At least part of that weight could be water retention
because the nuts are salty.


I wondered about that too. I normally don't have any salt so I might
be extra suspectible to it. The macadamias were raw and unsalted. The
almonds were raw but blanched. But the chicken drumsticks that I
bought, I returned after eat two because they were salty even though
the package said nothing about salt solution being added. Apparently,
with the blessing of the USDA, "Natural" chicken can contain water,
upto 15% salt solution, carrageenan (a seaweed extract) or broth!
(http://finance.yahoo.com/news/Chicken-producers-debate-
apf-449083209.html) I replaced the drumsticks with a whole chicken by
Sanderson Farms which states "Ours is always a single ingredient
product: 100% natural chicken". It was much lower in sodium (but I
could still detect some).

*Eight oz of almonds is also 1377 calories, 125 g fat, 16 net carbs.
Too many nuts. *You need to exercise some portion control here. *


On day I had 10 oz of macadamias.
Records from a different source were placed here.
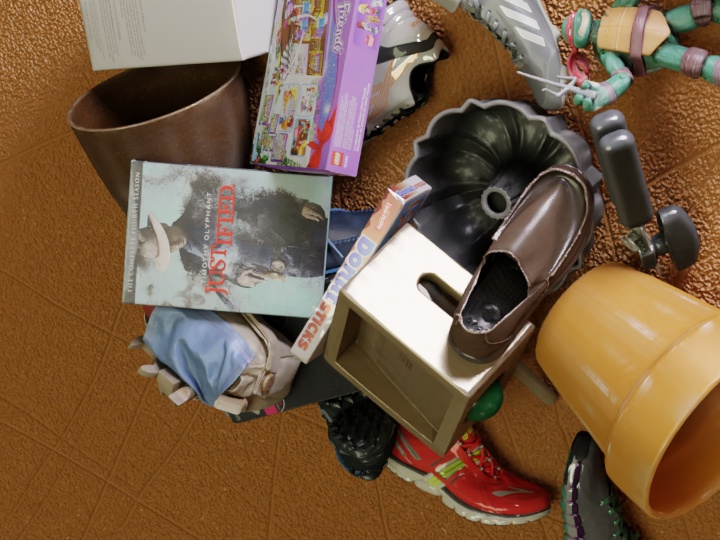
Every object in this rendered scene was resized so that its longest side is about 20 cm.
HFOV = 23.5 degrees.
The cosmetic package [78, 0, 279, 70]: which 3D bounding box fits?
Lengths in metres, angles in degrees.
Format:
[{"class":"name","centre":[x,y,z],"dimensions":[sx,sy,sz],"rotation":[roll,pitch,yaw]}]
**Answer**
[{"class":"cosmetic package","centre":[-0.175,-0.257,1.773],"dimensions":[0.200,0.108,0.085],"rotation":[-1,106,32]}]

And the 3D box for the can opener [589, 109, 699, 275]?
[{"class":"can opener","centre":[0.253,-0.070,1.556],"dimensions":[0.066,0.053,0.200],"rotation":[-25,137,7]}]

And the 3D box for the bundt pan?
[{"class":"bundt pan","centre":[0.146,-0.075,1.653],"dimensions":[0.202,0.076,0.202],"rotation":[13,116,29]}]

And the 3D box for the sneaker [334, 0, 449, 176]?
[{"class":"sneaker","centre":[0.017,-0.165,1.705],"dimensions":[0.080,0.074,0.200],"rotation":[38,125,13]}]

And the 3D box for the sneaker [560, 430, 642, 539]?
[{"class":"sneaker","centre":[0.248,0.248,1.729],"dimensions":[0.087,0.074,0.200],"rotation":[6,122,17]}]

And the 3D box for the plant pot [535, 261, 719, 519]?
[{"class":"plant pot","centre":[0.266,0.094,1.584],"dimensions":[0.183,0.200,0.200],"rotation":[41,127,32]}]

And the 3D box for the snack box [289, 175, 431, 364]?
[{"class":"snack box","centre":[0.000,0.000,1.666],"dimensions":[0.024,0.072,0.200],"rotation":[37,115,12]}]

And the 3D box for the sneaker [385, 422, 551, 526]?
[{"class":"sneaker","centre":[0.108,0.198,1.789],"dimensions":[0.200,0.077,0.085],"rotation":[23,114,24]}]

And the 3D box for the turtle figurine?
[{"class":"turtle figurine","centre":[0.244,-0.212,1.520],"dimensions":[0.200,0.101,0.150],"rotation":[6,95,22]}]

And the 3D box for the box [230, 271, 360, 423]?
[{"class":"box","centre":[-0.056,0.072,1.824],"dimensions":[0.200,0.106,0.122],"rotation":[-19,97,36]}]

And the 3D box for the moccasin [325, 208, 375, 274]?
[{"class":"moccasin","centre":[-0.065,-0.033,1.756],"dimensions":[0.200,0.080,0.068],"rotation":[-14,120,-3]}]

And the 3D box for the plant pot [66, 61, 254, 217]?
[{"class":"plant pot","centre":[-0.184,-0.101,1.812],"dimensions":[0.187,0.187,0.200],"rotation":[0,121,33]}]

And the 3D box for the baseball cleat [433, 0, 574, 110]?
[{"class":"baseball cleat","centre":[0.124,-0.235,1.590],"dimensions":[0.070,0.106,0.200],"rotation":[170,82,-80]}]

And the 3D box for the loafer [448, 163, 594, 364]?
[{"class":"loafer","centre":[0.147,-0.008,1.536],"dimensions":[0.073,0.071,0.200],"rotation":[27,82,11]}]

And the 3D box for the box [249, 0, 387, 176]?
[{"class":"box","centre":[-0.040,-0.194,1.676],"dimensions":[0.137,0.039,0.200],"rotation":[10,90,54]}]

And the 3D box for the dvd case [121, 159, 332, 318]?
[{"class":"dvd case","centre":[-0.132,-0.030,1.711],"dimensions":[0.200,0.022,0.146],"rotation":[5,98,1]}]

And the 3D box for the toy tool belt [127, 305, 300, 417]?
[{"class":"toy tool belt","centre":[-0.168,0.077,1.757],"dimensions":[0.200,0.123,0.125],"rotation":[32,119,23]}]

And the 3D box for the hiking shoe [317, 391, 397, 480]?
[{"class":"hiking shoe","centre":[0.009,0.175,1.760],"dimensions":[0.074,0.200,0.087],"rotation":[-22,102,-2]}]

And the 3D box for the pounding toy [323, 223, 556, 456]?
[{"class":"pounding toy","centre":[0.089,0.075,1.661],"dimensions":[0.200,0.142,0.184],"rotation":[39,156,12]}]
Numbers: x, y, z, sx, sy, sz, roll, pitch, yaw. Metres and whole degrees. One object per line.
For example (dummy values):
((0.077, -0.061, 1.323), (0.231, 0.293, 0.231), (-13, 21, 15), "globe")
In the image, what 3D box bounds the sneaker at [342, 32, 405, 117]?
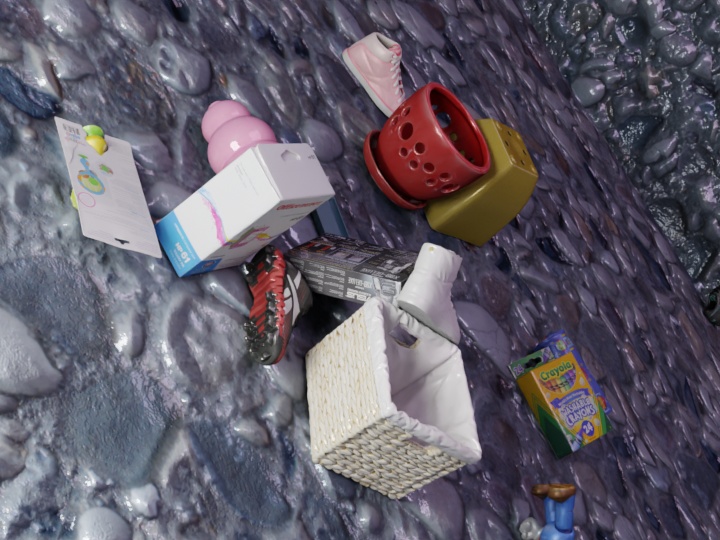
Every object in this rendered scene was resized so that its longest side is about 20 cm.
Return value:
((0.062, -0.401, 2.201), (0.200, 0.104, 0.075), (50, 27, -13), "sneaker")

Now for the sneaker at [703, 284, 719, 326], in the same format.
((1.138, 0.072, 3.317), (0.079, 0.201, 0.075), (29, -5, -17), "sneaker")

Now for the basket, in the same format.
((0.039, 0.181, 1.490), (0.198, 0.160, 0.201), (32, 37, -37), "basket")

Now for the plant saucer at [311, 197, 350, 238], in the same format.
((-0.038, -0.043, 1.758), (0.070, 0.019, 0.201), (11, 50, -53), "plant saucer")

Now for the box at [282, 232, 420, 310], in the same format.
((0.000, 0.000, 1.603), (0.158, 0.199, 0.050), (-30, 130, -62), "box")

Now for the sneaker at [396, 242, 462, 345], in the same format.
((0.121, 0.031, 1.550), (0.116, 0.073, 0.200), (-65, 156, -13), "sneaker")

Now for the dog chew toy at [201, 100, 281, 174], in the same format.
((-0.170, -0.171, 1.586), (0.124, 0.124, 0.201), (0, 52, -57), "dog chew toy")

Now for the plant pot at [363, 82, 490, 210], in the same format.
((0.121, -0.223, 2.020), (0.200, 0.182, 0.201), (37, 32, -29), "plant pot")

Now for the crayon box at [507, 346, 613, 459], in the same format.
((0.381, 0.241, 2.032), (0.125, 0.052, 0.201), (-18, 74, -37), "crayon box")

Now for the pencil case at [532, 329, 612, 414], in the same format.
((0.422, 0.218, 2.136), (0.078, 0.087, 0.201), (-26, 80, -21), "pencil case")

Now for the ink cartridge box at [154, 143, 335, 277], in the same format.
((-0.154, -0.082, 1.423), (0.085, 0.200, 0.144), (59, 29, 9), "ink cartridge box")

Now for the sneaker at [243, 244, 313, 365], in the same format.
((-0.109, 0.057, 1.483), (0.098, 0.071, 0.201), (34, 34, -31), "sneaker")

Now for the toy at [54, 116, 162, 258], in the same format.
((-0.325, -0.095, 1.335), (0.115, 0.047, 0.201), (18, 42, -45), "toy")

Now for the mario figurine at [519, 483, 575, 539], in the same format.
((0.300, 0.441, 1.681), (0.123, 0.105, 0.202), (24, 61, -74), "mario figurine")

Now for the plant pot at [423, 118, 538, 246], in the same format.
((0.238, -0.196, 2.158), (0.195, 0.200, 0.195), (14, 48, -50), "plant pot")
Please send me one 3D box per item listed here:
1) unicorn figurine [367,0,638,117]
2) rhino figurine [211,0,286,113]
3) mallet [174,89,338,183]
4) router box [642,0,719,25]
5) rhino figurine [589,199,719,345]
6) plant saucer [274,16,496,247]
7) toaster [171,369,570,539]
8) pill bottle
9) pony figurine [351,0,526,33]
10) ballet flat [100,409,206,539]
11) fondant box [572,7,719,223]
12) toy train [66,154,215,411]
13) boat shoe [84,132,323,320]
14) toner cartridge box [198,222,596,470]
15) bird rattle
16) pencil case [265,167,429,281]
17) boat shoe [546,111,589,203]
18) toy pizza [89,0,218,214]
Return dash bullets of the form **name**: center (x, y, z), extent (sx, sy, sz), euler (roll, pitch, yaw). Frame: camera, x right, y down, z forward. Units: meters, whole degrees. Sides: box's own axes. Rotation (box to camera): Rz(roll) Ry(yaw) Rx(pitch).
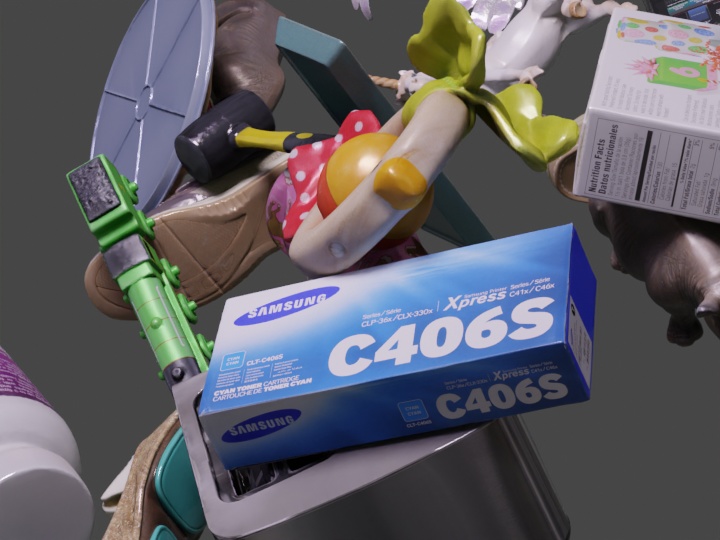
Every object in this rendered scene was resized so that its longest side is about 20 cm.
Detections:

According to the packet, that would
be 2010 calories. Oh my! On lo-carb, these nuts taste just as sweet as
candy.

I'm concerned about your low protein, how low is low? * You really need
a minimum amount depending on your size and activity level. *
You can calculate it herehttp://www.scientificpsychic.com/fitness/diet.html


That link told me
BMI: 17.2
Percent Body Fat: 10.3%
Lean Body Mass: 105.8 lb
Underweight by 4.0 kilograms (8.8 pounds).
Consume at least 2251 calories per day.
Your diet should contain at least 85 grams of protein per day.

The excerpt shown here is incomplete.